Brown does dirty work for MU women's basketball

Saturday, December 13, 2008 | 1:34 p.m. CST; updated 6:26 p.m. CST, Saturday, December 13, 2008
Missouri's RaeShara Brown scored a career-high 11 points Tuesday against Bradley.

Cindy Stein has done something that basketball coaches have been attempting for years. She has managed to find an all-purpose name for the defensive deflections, the dives onto the court, the offensive rebounds and the dozen or so other small things that players do to help their team win.

To the Missouri women's basketball coach, they're all "dirty points." And they're good things.

As fans would expect, dirty points don't show up on any stat sheet kept by Missouri coaches. But that doesn't mean Stein isn't keeping track. The topic comes up more often than any other.

"You get noticed more for dirty points than anything," sophomore guard Jasmyn Otote said. And there's no doubt which player gets noticed more than the rest: sophomore RaeShara Brown.

“Rae brings all the little things. The little things are the big things, and we talk about dirty points. She leads us. She’s probably our dirty leader,"  Stein said.

Brown, who said she leads best by example, is proud to say that she is a player who focuses more on defense and doing the dirty work for the Tigers.

“Everybody gets a rebound off a missed shot, everybody gets a defensive rebound," Brown said. "But not everybody can get an offensive rebound, and that’s a dirty point because you have to go want that.”

At 5 feet, 8 inches, Brown looks up to every player on Missouri's roster except 5-foot-7 Toy Richbow. Yet Brown has collected the most offensive rebounds (20) for the Tigers, and she is second only to 6-foot-1 Jessra Johnson in overall rebounding.

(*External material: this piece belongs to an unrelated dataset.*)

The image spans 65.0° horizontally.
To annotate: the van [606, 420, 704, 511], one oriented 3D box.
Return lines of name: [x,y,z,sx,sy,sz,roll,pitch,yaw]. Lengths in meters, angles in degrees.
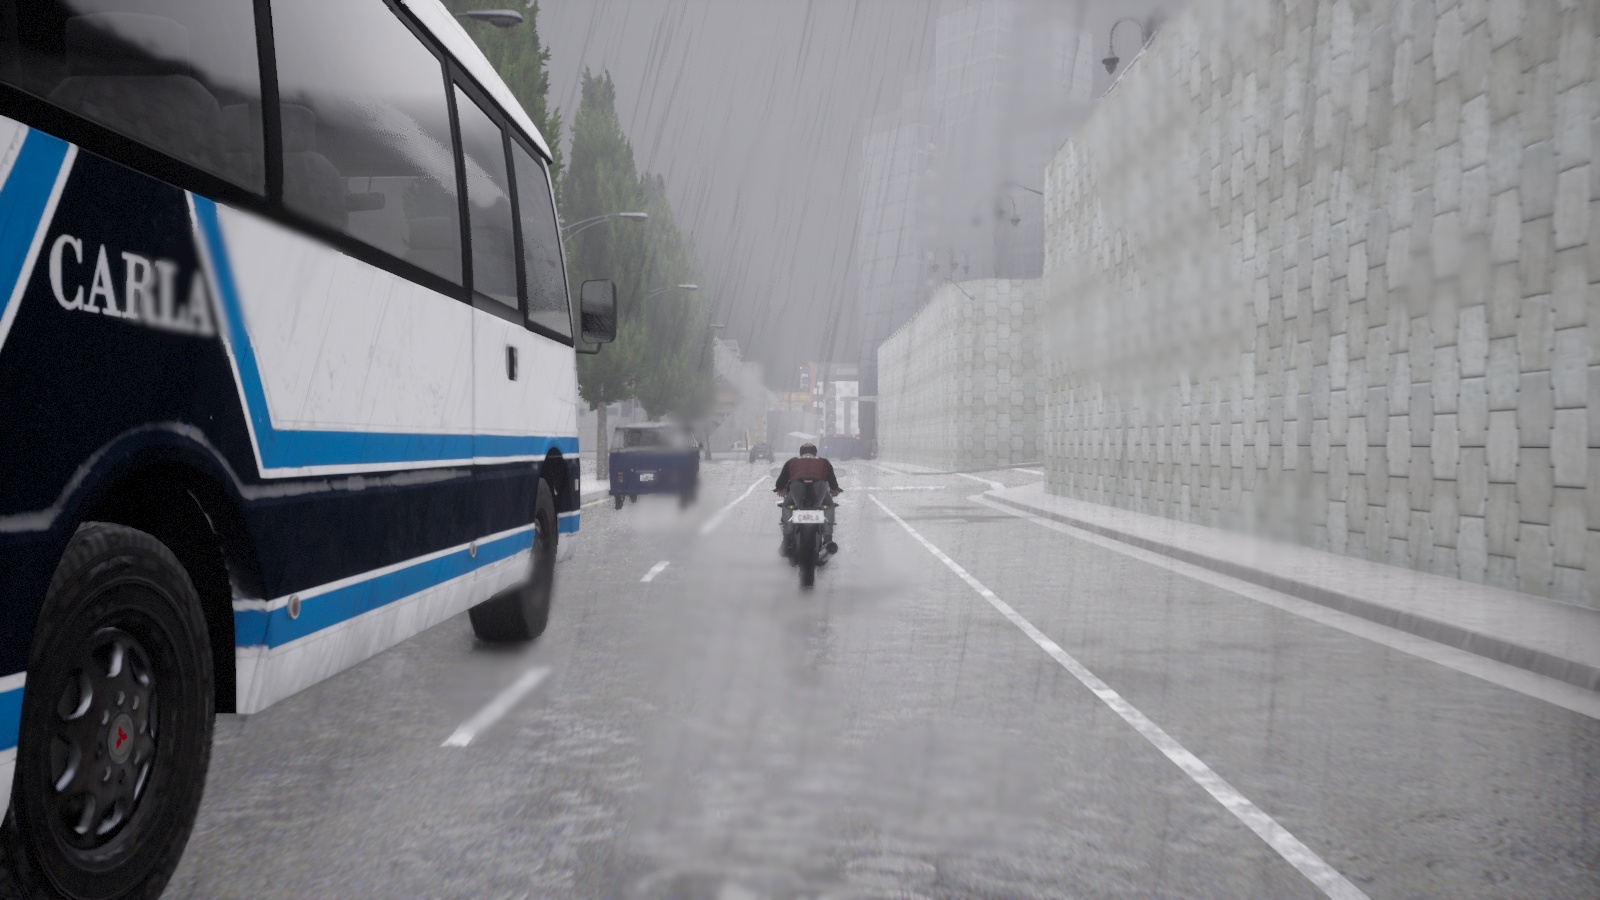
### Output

“A lot of people look at me like 'Oh she’s too short to get rebounds.' But it’s something that I’ve been doing my whole life," said Brown, who averages 6.3 rebounds per game. "I think it’s fun to be able to outjump 6-footers."

A year ago as a freshman, Brown played in a limited role for Missouri, appearing in every game but averaging just nine minutes of playing time and 1.1 points a game.

“I think last year as a freshman, I came in with the mentality, you know, obviously everybody wants to play," Brown said. "It’s not realistic that everybody’s going to get to play, but what you can take from that role is, ‘I’m going to learn. I’m going to make myself better,’ and I think that’s what I did last year. I think I picked up on a lot of things. I learned from a lot of my mistakes. I vowed not to do them again, or to try to prevent them.”

In the offseason Brown improved her conditioning so she could keep up with the fast pace of the Big 12 Conference and said she worked to become a better "offensive player within our offense," meaning she is now more comfortable taking open shots when given the opportunity.

The work has led to a bigger role for Brown, who has started all eight games for Missouri this season. In the team's victory over Bradley on Tuesday she scored a career-high 11 points.

“She’s really grown her game where she’ll make a mistake, and she rebounds from it quickly and something bad might happen, but she’ll cause something good to happen next," Stein said.

Stein said Missouri, which has won its past three games to improve to 4-4 this season, still plays "sloppy" too often.   Stein has continued to stress the need for her team to stay focused and play hard for a complete game like the team's dirty points leader.

“You want everyone to play like that," Stein said about Brown, "and she’s a great example for kids. We sometimes have trouble replacing her because she provides so much.”

The Tigers will face the University of Tennessee-Martin at 2 p.m. Sunday at Mizzou Arena. The Ohio Valley Conference team is 1-6 this season and averages 22 turnovers a game, a tendency Stein said Missouri will try to exploit.